You nailed it describing your 'dirty (guilty) pleasure'. 

Agree, Aerocino is probably the best standalone milk Frother I've tried. Purchased a Dualit equivalent that had great reviews on John Lewis website but disappointingly it just doesn't heat the milk enough imo. I never liked the taste of UHT milk used in Tassimo pods and so was looking for a device that would allow me to use my own milk (usually semi-skimmed) when making Lattes or Cappas.


----------



## DoubleShot (Apr 23, 2014)

mikesmith181

Not sure if you're aware but the seasonal Nespresso offer in the build up to Xmas of a free £75 credit (£25 off on three separate orders of pods/accessories etc) just ended on 31/01/15? It was one of the main reasons I purchased a Lattisima a year ago as it effectively reduced the cost of the machine by almost 50%!


----------



## sergeyklimanov1990 (Nov 28, 2019)

Hi!!! I have a question. In this review, https://milkfrothertop.com/nespresso-lattissima-pro-review/ it was said that the coffee machine can only use Lattissima capsules. Is this true, or can I use capsules from other manufacturers?


----------



## MildredM (Feb 13, 2017)

sergeyklimanov1990 said:


> Hi!!! I have a question. In this review, https://milkfrothertop.com/nespresso-lattissima-pro-review/ it was said that the coffee machine can only use Lattissima capsules. Is this true, or can I use capsules from other manufacturers?

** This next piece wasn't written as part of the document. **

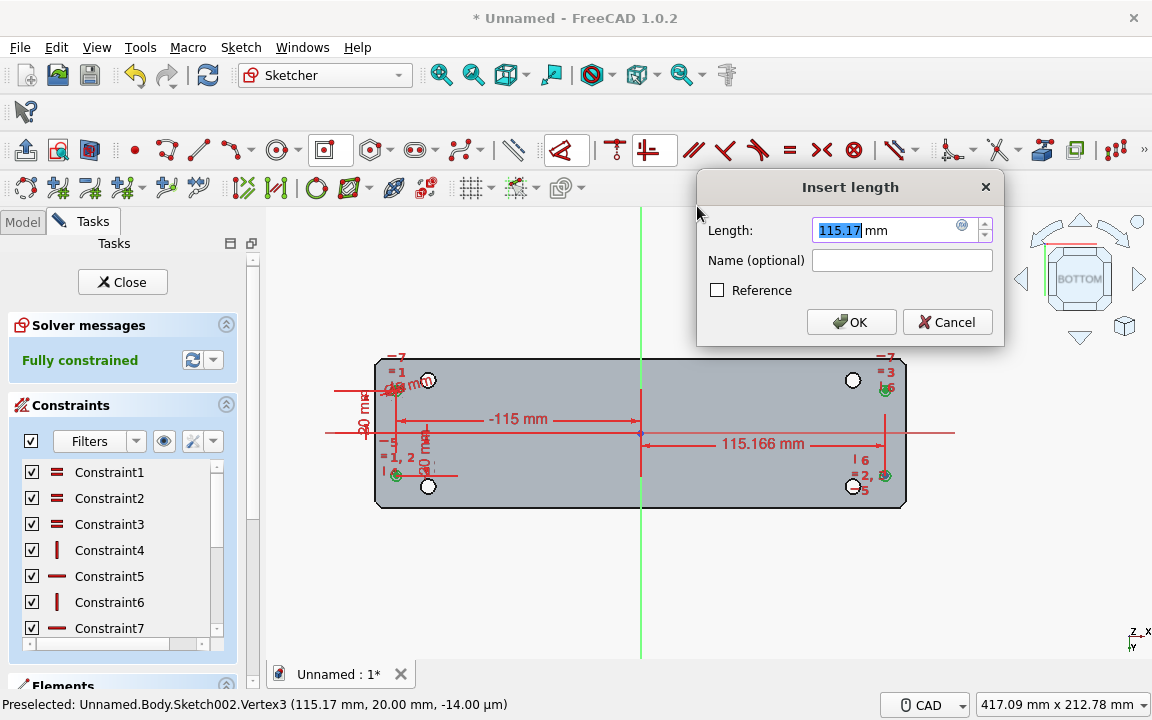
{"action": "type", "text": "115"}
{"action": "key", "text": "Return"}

 Hi, have you tried asking the reviewerer?


----------



## sergeyklimanov1990 (Nov 28, 2019)

MildredM said:


> Hi, have you tried asking the reviewerer?


 Yes but he doesn't answer.


----------



## MWJB (Feb 28, 2012)

sergeyklimanov1990 said:


> Yes but he doesn't answer.


 The review says you can use the typical "ristretto/espresso/lungo" Nespresso capsules.

I'm not aware there is a Latissima capsule, only original & vertuo.


----------